In the material below, find every line containing "bottle" and copy that line.

^^^^

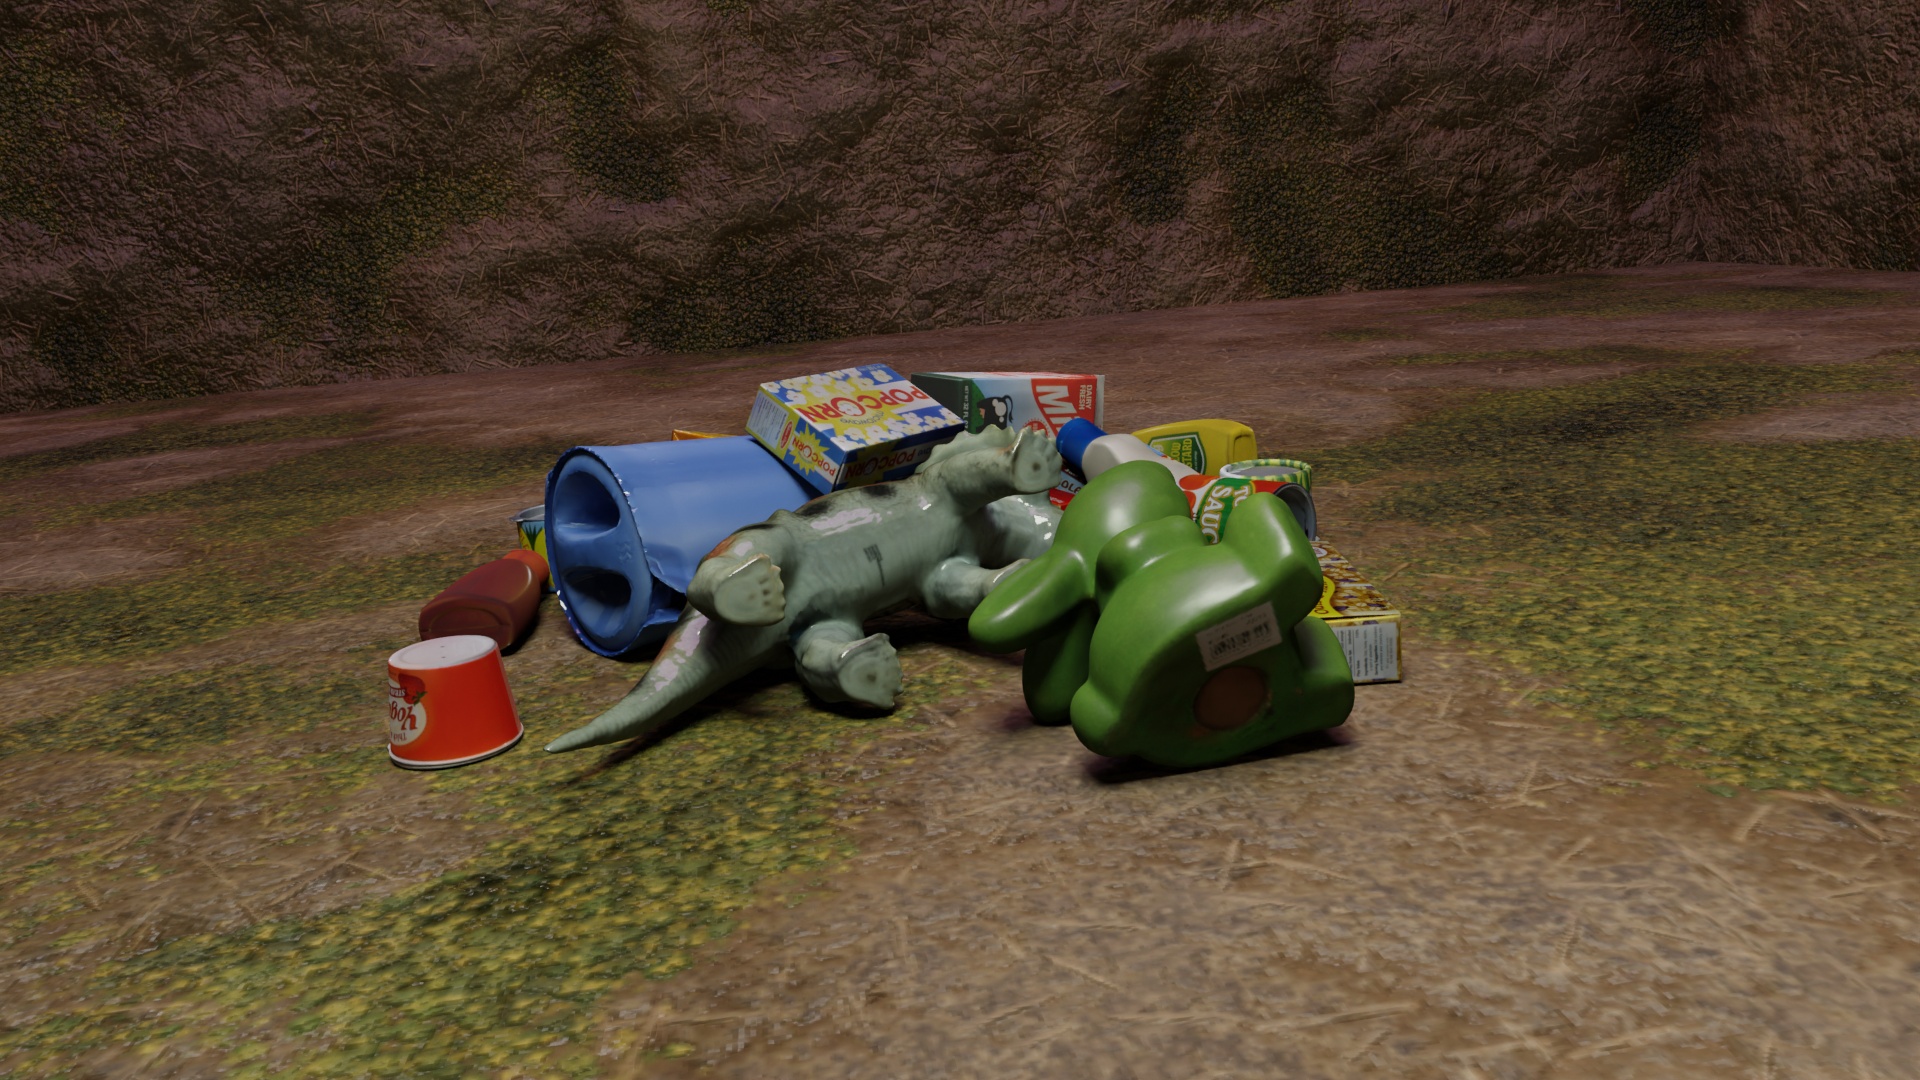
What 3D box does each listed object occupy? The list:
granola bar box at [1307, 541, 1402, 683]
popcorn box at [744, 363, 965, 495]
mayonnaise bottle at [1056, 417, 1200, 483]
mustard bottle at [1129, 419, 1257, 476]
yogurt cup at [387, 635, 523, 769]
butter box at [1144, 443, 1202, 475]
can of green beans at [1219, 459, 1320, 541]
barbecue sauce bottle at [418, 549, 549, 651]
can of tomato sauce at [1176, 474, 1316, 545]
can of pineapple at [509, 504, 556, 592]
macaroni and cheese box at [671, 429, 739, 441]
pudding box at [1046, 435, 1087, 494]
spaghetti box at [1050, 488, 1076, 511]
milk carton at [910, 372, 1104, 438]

^^^^

_Reply to the exercise_
mayonnaise bottle at [1056, 417, 1200, 483]
mustard bottle at [1129, 419, 1257, 476]
barbecue sauce bottle at [418, 549, 549, 651]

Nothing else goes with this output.